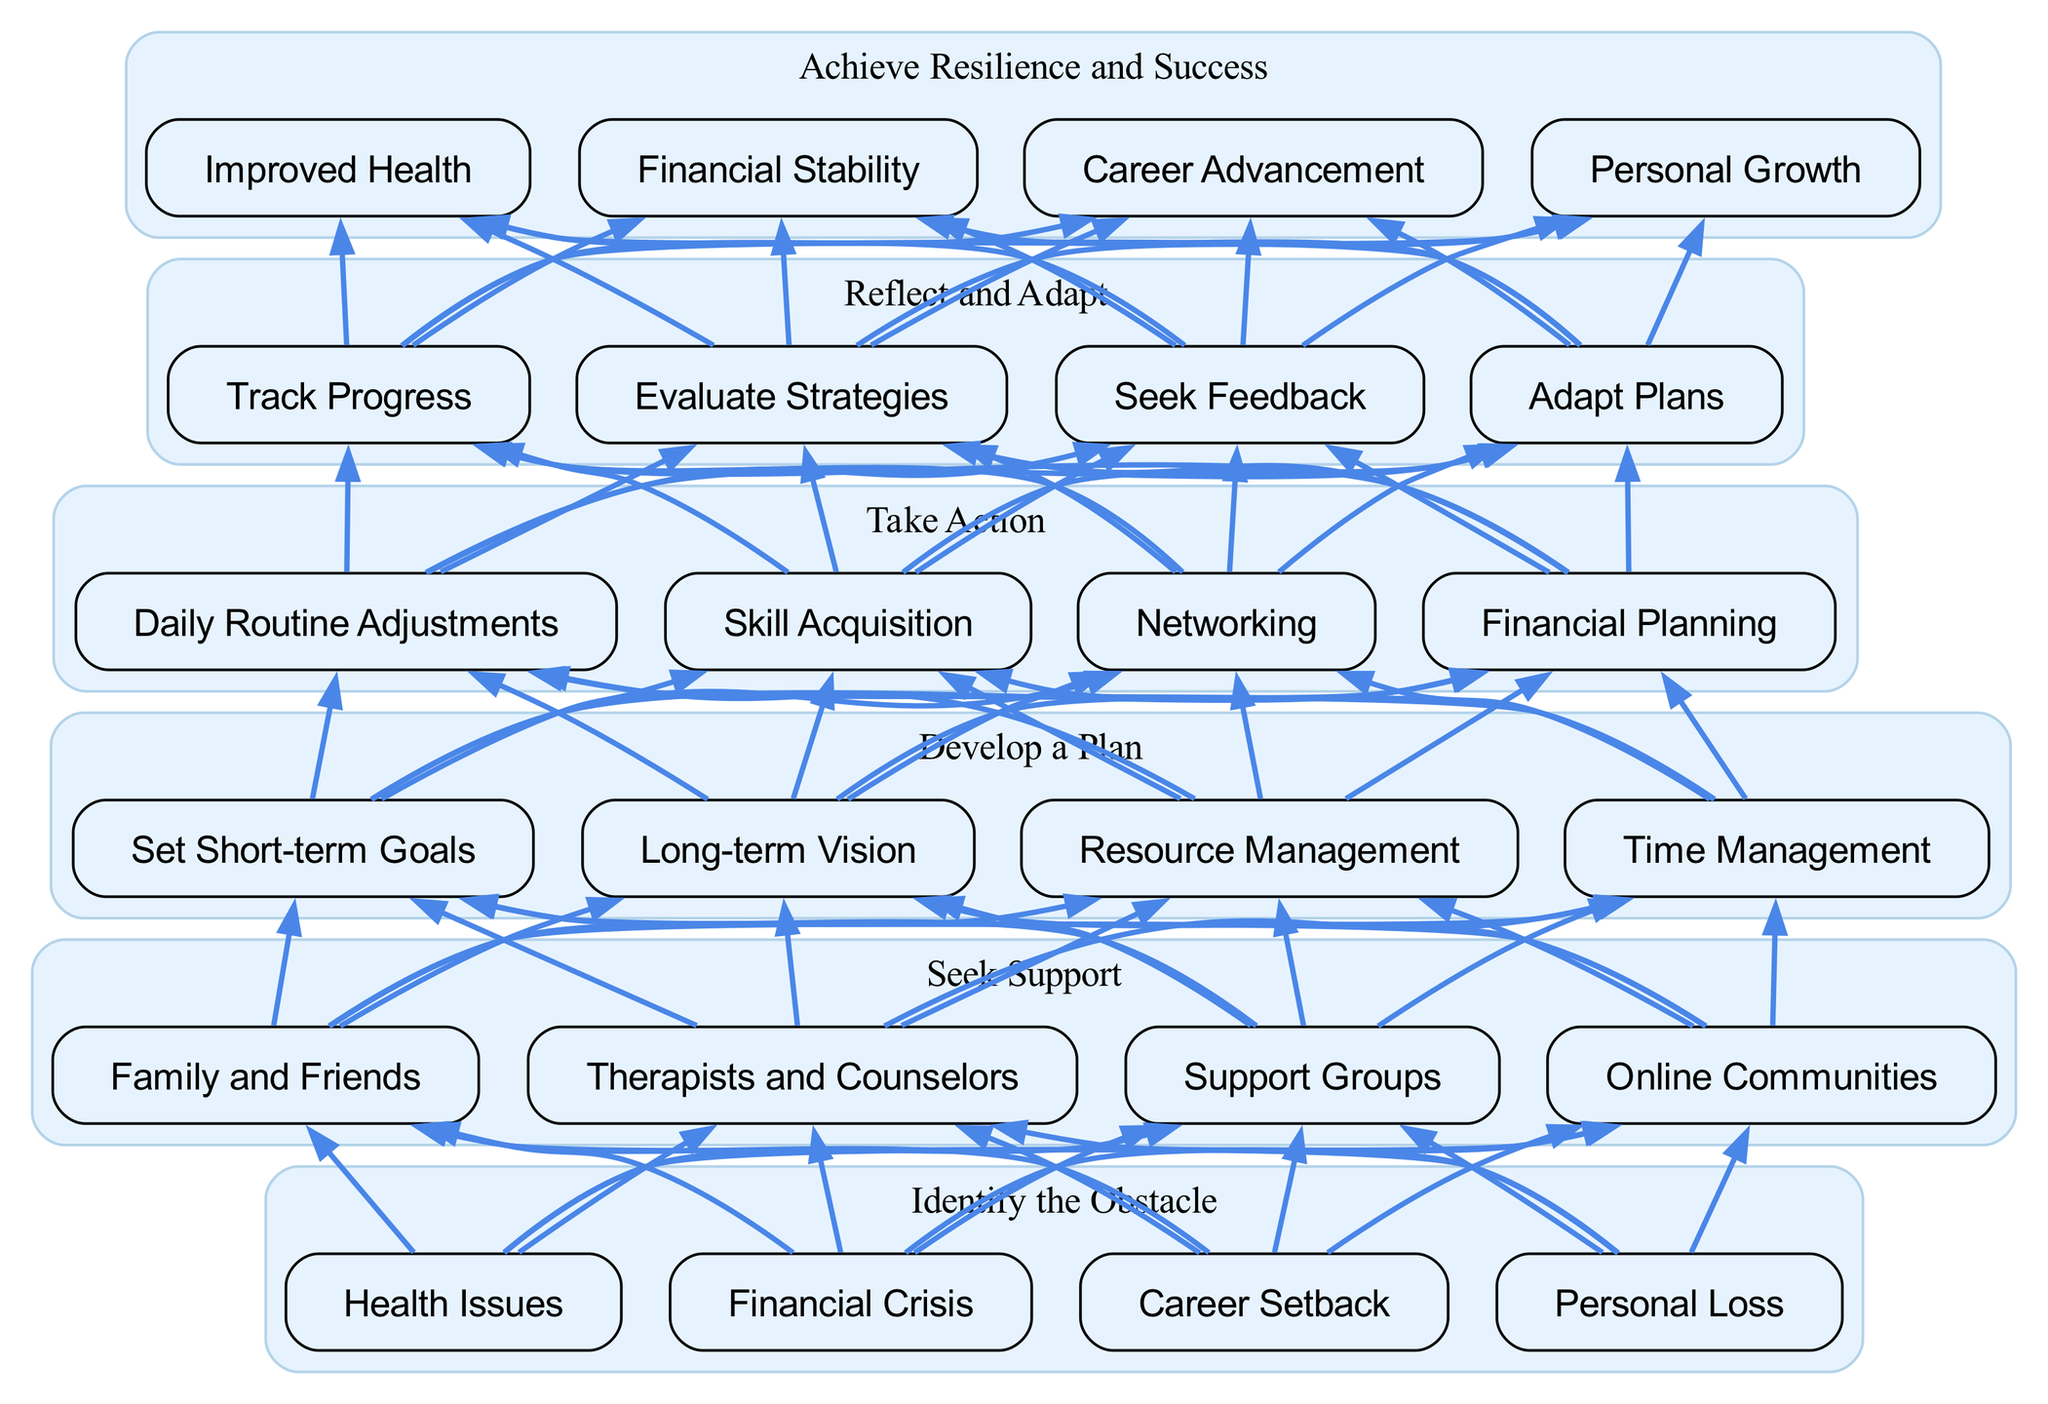What is the first step in overcoming personal obstacles? According to the diagram, the first step at the bottom level is "Identify the Obstacle." This is the starting node that directs the flow upwards.
Answer: Identify the Obstacle How many elements are present in the "Seek Support" level? The "Seek Support" level contains four elements, as indicated in its node description showing "Family and Friends," "Therapists and Counselors," "Support Groups," and "Online Communities."
Answer: Four What are the connections present between the "Reflect and Adapt" and "Take Action" levels? The "Reflect and Adapt" level has four nodes, all of which are connected to the four nodes of the "Take Action" level, establishing a flow from the higher level down to the action level.
Answer: Four connections Which node is aimed at achieving "Personal Growth"? "Personal Growth" is listed as one of the success outcomes in the "Achieve Resilience and Success" level and is specifically one of the last nodes in this top-level group.
Answer: Personal Growth Which elements require a plan to be developed before taking action? The "Develop a Plan" level elements, specifically "Set Short-term Goals," "Long-term Vision," "Resource Management," and "Time Management," must be established before proceeding to take action at the higher level.
Answer: Develop a Plan How many total nodes are in the flow chart? By counting the elements in each level—four in "Identify the Obstacle," four in "Seek Support," four in "Develop a Plan," four in "Take Action," four in "Reflect and Adapt," and four in "Achieve Resilience and Success," the total sums up to twenty-four nodes in total.
Answer: Twenty-four What step follows after developing a plan according to the flow chart? The next step following the "Develop a Plan" level is the "Take Action" level, which encompasses different actions individuals can take to confront their obstacles.
Answer: Take Action What type of connections does the diagram represent from bottom to top? The diagram represents directed connections that guide the process of overcoming obstacles; each level is connected in a flow demonstrating a step-by-step progression towards achieving resilience and success.
Answer: Directed connections 
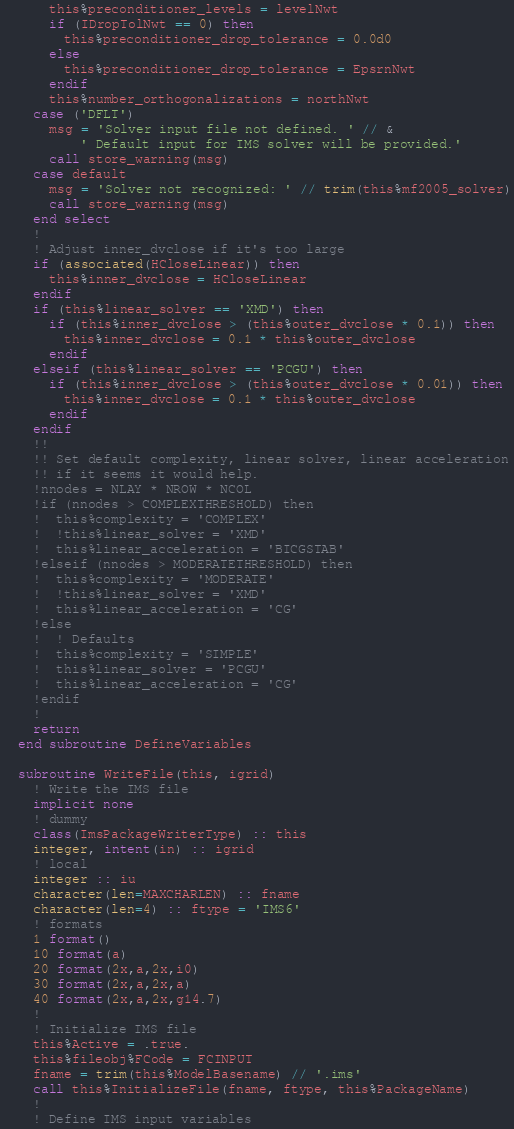Convert code to text. <code><loc_0><loc_0><loc_500><loc_500><_FORTRAN_>      this%preconditioner_levels = levelNwt
      if (IDropTolNwt == 0) then
        this%preconditioner_drop_tolerance = 0.0d0
      else
        this%preconditioner_drop_tolerance = EpsrnNwt
      endif
      this%number_orthogonalizations = northNwt
    case ('DFLT')
      msg = 'Solver input file not defined. ' // &
          ' Default input for IMS solver will be provided.'
      call store_warning(msg)
    case default
      msg = 'Solver not recognized: ' // trim(this%mf2005_solver)
      call store_warning(msg)
    end select
    !
    ! Adjust inner_dvclose if it's too large
    if (associated(HCloseLinear)) then
      this%inner_dvclose = HCloseLinear
    endif
    if (this%linear_solver == 'XMD') then
      if (this%inner_dvclose > (this%outer_dvclose * 0.1)) then
        this%inner_dvclose = 0.1 * this%outer_dvclose
      endif
    elseif (this%linear_solver == 'PCGU') then
      if (this%inner_dvclose > (this%outer_dvclose * 0.01)) then
        this%inner_dvclose = 0.1 * this%outer_dvclose
      endif
    endif
    !!
    !! Set default complexity, linear solver, linear acceleration
    !! if it seems it would help.
    !nnodes = NLAY * NROW * NCOL
    !if (nnodes > COMPLEXTHRESHOLD) then
    !  this%complexity = 'COMPLEX'
    !  !this%linear_solver = 'XMD'
    !  this%linear_acceleration = 'BICGSTAB'
    !elseif (nnodes > MODERATETHRESHOLD) then
    !  this%complexity = 'MODERATE'
    !  !this%linear_solver = 'XMD'
    !  this%linear_acceleration = 'CG'
    !else
    !  ! Defaults
    !  this%complexity = 'SIMPLE'
    !  this%linear_solver = 'PCGU'
    !  this%linear_acceleration = 'CG'
    !endif
    !
    return
  end subroutine DefineVariables

  subroutine WriteFile(this, igrid)
    ! Write the IMS file
    implicit none
    ! dummy
    class(ImsPackageWriterType) :: this
    integer, intent(in) :: igrid
    ! local
    integer :: iu
    character(len=MAXCHARLEN) :: fname
    character(len=4) :: ftype = 'IMS6'
    ! formats
    1 format()
    10 format(a)
    20 format(2x,a,2x,i0)
    30 format(2x,a,2x,a)
    40 format(2x,a,2x,g14.7)
    !
    ! Initialize IMS file
    this%Active = .true.
    this%fileobj%FCode = FCINPUT
    fname = trim(this%ModelBasename) // '.ims'
    call this%InitializeFile(fname, ftype, this%PackageName)
    !
    ! Define IMS input variables</code> 
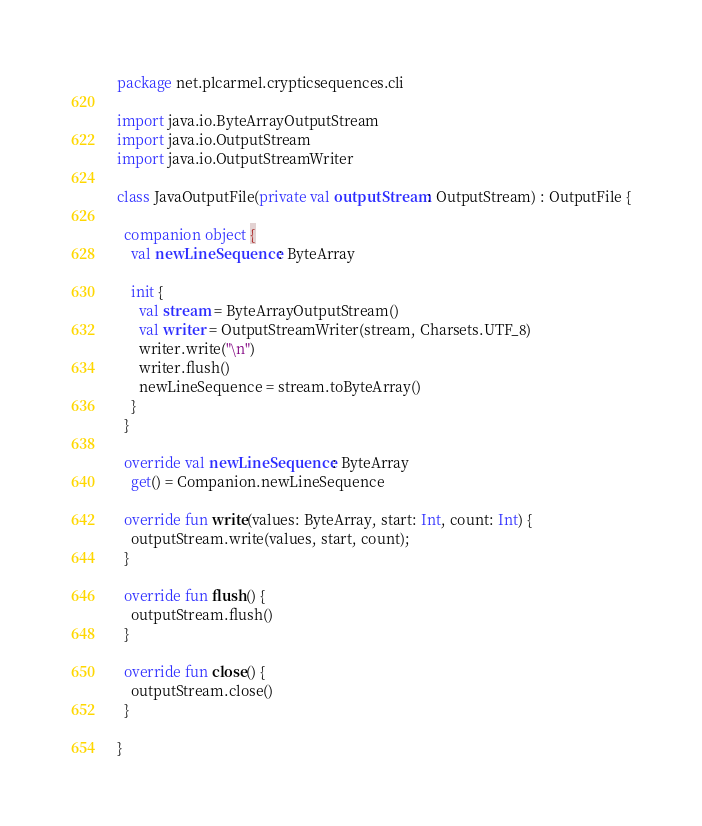<code> <loc_0><loc_0><loc_500><loc_500><_Kotlin_>package net.plcarmel.crypticsequences.cli

import java.io.ByteArrayOutputStream
import java.io.OutputStream
import java.io.OutputStreamWriter

class JavaOutputFile(private val outputStream: OutputStream) : OutputFile {

  companion object {
    val newLineSequence: ByteArray

    init {
      val stream = ByteArrayOutputStream()
      val writer = OutputStreamWriter(stream, Charsets.UTF_8)
      writer.write("\n")
      writer.flush()
      newLineSequence = stream.toByteArray()
    }
  }

  override val newLineSequence: ByteArray
    get() = Companion.newLineSequence

  override fun write(values: ByteArray, start: Int, count: Int) {
    outputStream.write(values, start, count);
  }

  override fun flush() {
    outputStream.flush()
  }

  override fun close() {
    outputStream.close()
  }

}
</code> 
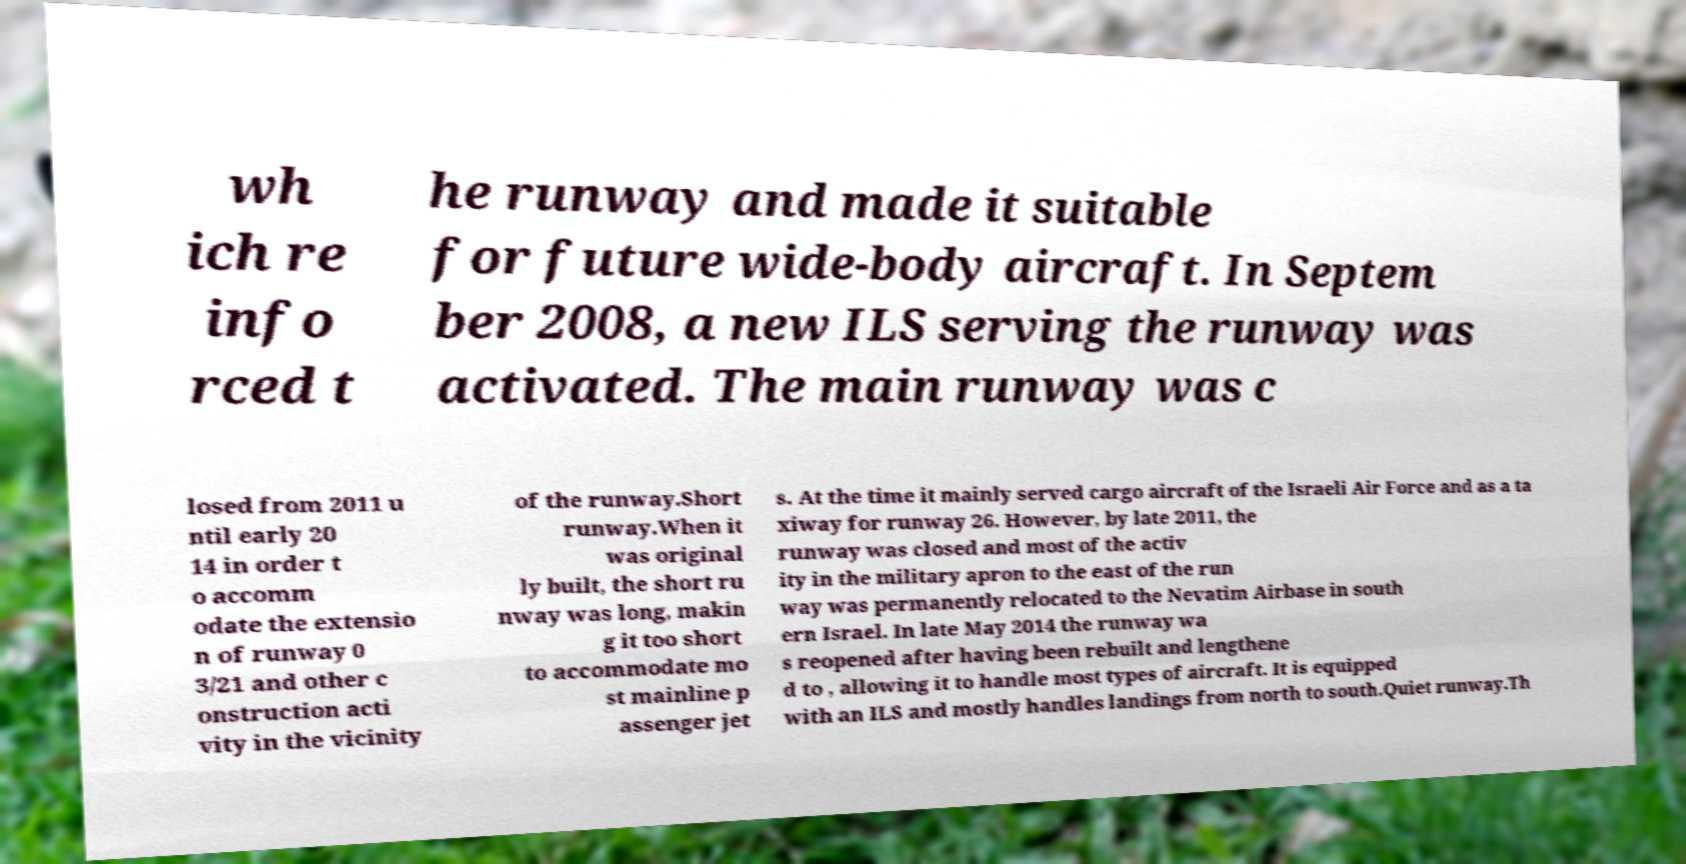Could you assist in decoding the text presented in this image and type it out clearly? wh ich re info rced t he runway and made it suitable for future wide-body aircraft. In Septem ber 2008, a new ILS serving the runway was activated. The main runway was c losed from 2011 u ntil early 20 14 in order t o accomm odate the extensio n of runway 0 3/21 and other c onstruction acti vity in the vicinity of the runway.Short runway.When it was original ly built, the short ru nway was long, makin g it too short to accommodate mo st mainline p assenger jet s. At the time it mainly served cargo aircraft of the Israeli Air Force and as a ta xiway for runway 26. However, by late 2011, the runway was closed and most of the activ ity in the military apron to the east of the run way was permanently relocated to the Nevatim Airbase in south ern Israel. In late May 2014 the runway wa s reopened after having been rebuilt and lengthene d to , allowing it to handle most types of aircraft. It is equipped with an ILS and mostly handles landings from north to south.Quiet runway.Th
● ● ● ● ●
> _TASK_
Return every entry word for word, leaving the pictures out.

> _SOLUTION TO THIS TASK_
What is the first step in overcoming personal obstacles? According to the diagram, the first step at the bottom level is "Identify the Obstacle." This is the starting node that directs the flow upwards.
Answer: Identify the Obstacle How many elements are present in the "Seek Support" level? The "Seek Support" level contains four elements, as indicated in its node description showing "Family and Friends," "Therapists and Counselors," "Support Groups," and "Online Communities."
Answer: Four What are the connections present between the "Reflect and Adapt" and "Take Action" levels? The "Reflect and Adapt" level has four nodes, all of which are connected to the four nodes of the "Take Action" level, establishing a flow from the higher level down to the action level.
Answer: Four connections Which node is aimed at achieving "Personal Growth"? "Personal Growth" is listed as one of the success outcomes in the "Achieve Resilience and Success" level and is specifically one of the last nodes in this top-level group.
Answer: Personal Growth Which elements require a plan to be developed before taking action? The "Develop a Plan" level elements, specifically "Set Short-term Goals," "Long-term Vision," "Resource Management," and "Time Management," must be established before proceeding to take action at the higher level.
Answer: Develop a Plan How many total nodes are in the flow chart? By counting the elements in each level—four in "Identify the Obstacle," four in "Seek Support," four in "Develop a Plan," four in "Take Action," four in "Reflect and Adapt," and four in "Achieve Resilience and Success," the total sums up to twenty-four nodes in total.
Answer: Twenty-four What step follows after developing a plan according to the flow chart? The next step following the "Develop a Plan" level is the "Take Action" level, which encompasses different actions individuals can take to confront their obstacles.
Answer: Take Action What type of connections does the diagram represent from bottom to top? The diagram represents directed connections that guide the process of overcoming obstacles; each level is connected in a flow demonstrating a step-by-step progression towards achieving resilience and success.
Answer: Directed connections 
Convert code to text. <code><loc_0><loc_0><loc_500><loc_500><_FORTRAN_>      this%preconditioner_levels = levelNwt
      if (IDropTolNwt == 0) then
        this%preconditioner_drop_tolerance = 0.0d0
      else
        this%preconditioner_drop_tolerance = EpsrnNwt
      endif
      this%number_orthogonalizations = northNwt
    case ('DFLT')
      msg = 'Solver input file not defined. ' // &
          ' Default input for IMS solver will be provided.'
      call store_warning(msg)
    case default
      msg = 'Solver not recognized: ' // trim(this%mf2005_solver)
      call store_warning(msg)
    end select
    !
    ! Adjust inner_dvclose if it's too large
    if (associated(HCloseLinear)) then
      this%inner_dvclose = HCloseLinear
    endif
    if (this%linear_solver == 'XMD') then
      if (this%inner_dvclose > (this%outer_dvclose * 0.1)) then
        this%inner_dvclose = 0.1 * this%outer_dvclose
      endif
    elseif (this%linear_solver == 'PCGU') then
      if (this%inner_dvclose > (this%outer_dvclose * 0.01)) then
        this%inner_dvclose = 0.1 * this%outer_dvclose
      endif
    endif
    !!
    !! Set default complexity, linear solver, linear acceleration
    !! if it seems it would help.
    !nnodes = NLAY * NROW * NCOL
    !if (nnodes > COMPLEXTHRESHOLD) then
    !  this%complexity = 'COMPLEX'
    !  !this%linear_solver = 'XMD'
    !  this%linear_acceleration = 'BICGSTAB'
    !elseif (nnodes > MODERATETHRESHOLD) then
    !  this%complexity = 'MODERATE'
    !  !this%linear_solver = 'XMD'
    !  this%linear_acceleration = 'CG'
    !else
    !  ! Defaults
    !  this%complexity = 'SIMPLE'
    !  this%linear_solver = 'PCGU'
    !  this%linear_acceleration = 'CG'
    !endif
    !
    return
  end subroutine DefineVariables

  subroutine WriteFile(this, igrid)
    ! Write the IMS file
    implicit none
    ! dummy
    class(ImsPackageWriterType) :: this
    integer, intent(in) :: igrid
    ! local
    integer :: iu
    character(len=MAXCHARLEN) :: fname
    character(len=4) :: ftype = 'IMS6'
    ! formats
    1 format()
    10 format(a)
    20 format(2x,a,2x,i0)
    30 format(2x,a,2x,a)
    40 format(2x,a,2x,g14.7)
    !
    ! Initialize IMS file
    this%Active = .true.
    this%fileobj%FCode = FCINPUT
    fname = trim(this%ModelBasename) // '.ims'
    call this%InitializeFile(fname, ftype, this%PackageName)
    !
    ! Define IMS input variables</code> 
<code> <loc_0><loc_0><loc_500><loc_500><_Kotlin_>package net.plcarmel.crypticsequences.cli

import java.io.ByteArrayOutputStream
import java.io.OutputStream
import java.io.OutputStreamWriter

class JavaOutputFile(private val outputStream: OutputStream) : OutputFile {

  companion object {
    val newLineSequence: ByteArray

    init {
      val stream = ByteArrayOutputStream()
      val writer = OutputStreamWriter(stream, Charsets.UTF_8)
      writer.write("\n")
      writer.flush()
      newLineSequence = stream.toByteArray()
    }
  }

  override val newLineSequence: ByteArray
    get() = Companion.newLineSequence

  override fun write(values: ByteArray, start: Int, count: Int) {
    outputStream.write(values, start, count);
  }

  override fun flush() {
    outputStream.flush()
  }

  override fun close() {
    outputStream.close()
  }

}
</code> 
Could you assist in decoding the text presented in this image and type it out clearly? wh ich re info rced t he runway and made it suitable for future wide-body aircraft. In Septem ber 2008, a new ILS serving the runway was activated. The main runway was c losed from 2011 u ntil early 20 14 in order t o accomm odate the extensio n of runway 0 3/21 and other c onstruction acti vity in the vicinity of the runway.Short runway.When it was original ly built, the short ru nway was long, makin g it too short to accommodate mo st mainline p assenger jet s. At the time it mainly served cargo aircraft of the Israeli Air Force and as a ta xiway for runway 26. However, by late 2011, the runway was closed and most of the activ ity in the military apron to the east of the run way was permanently relocated to the Nevatim Airbase in south ern Israel. In late May 2014 the runway wa s reopened after having been rebuilt and lengthene d to , allowing it to handle most types of aircraft. It is equipped with an ILS and mostly handles landings from north to south.Quiet runway.Th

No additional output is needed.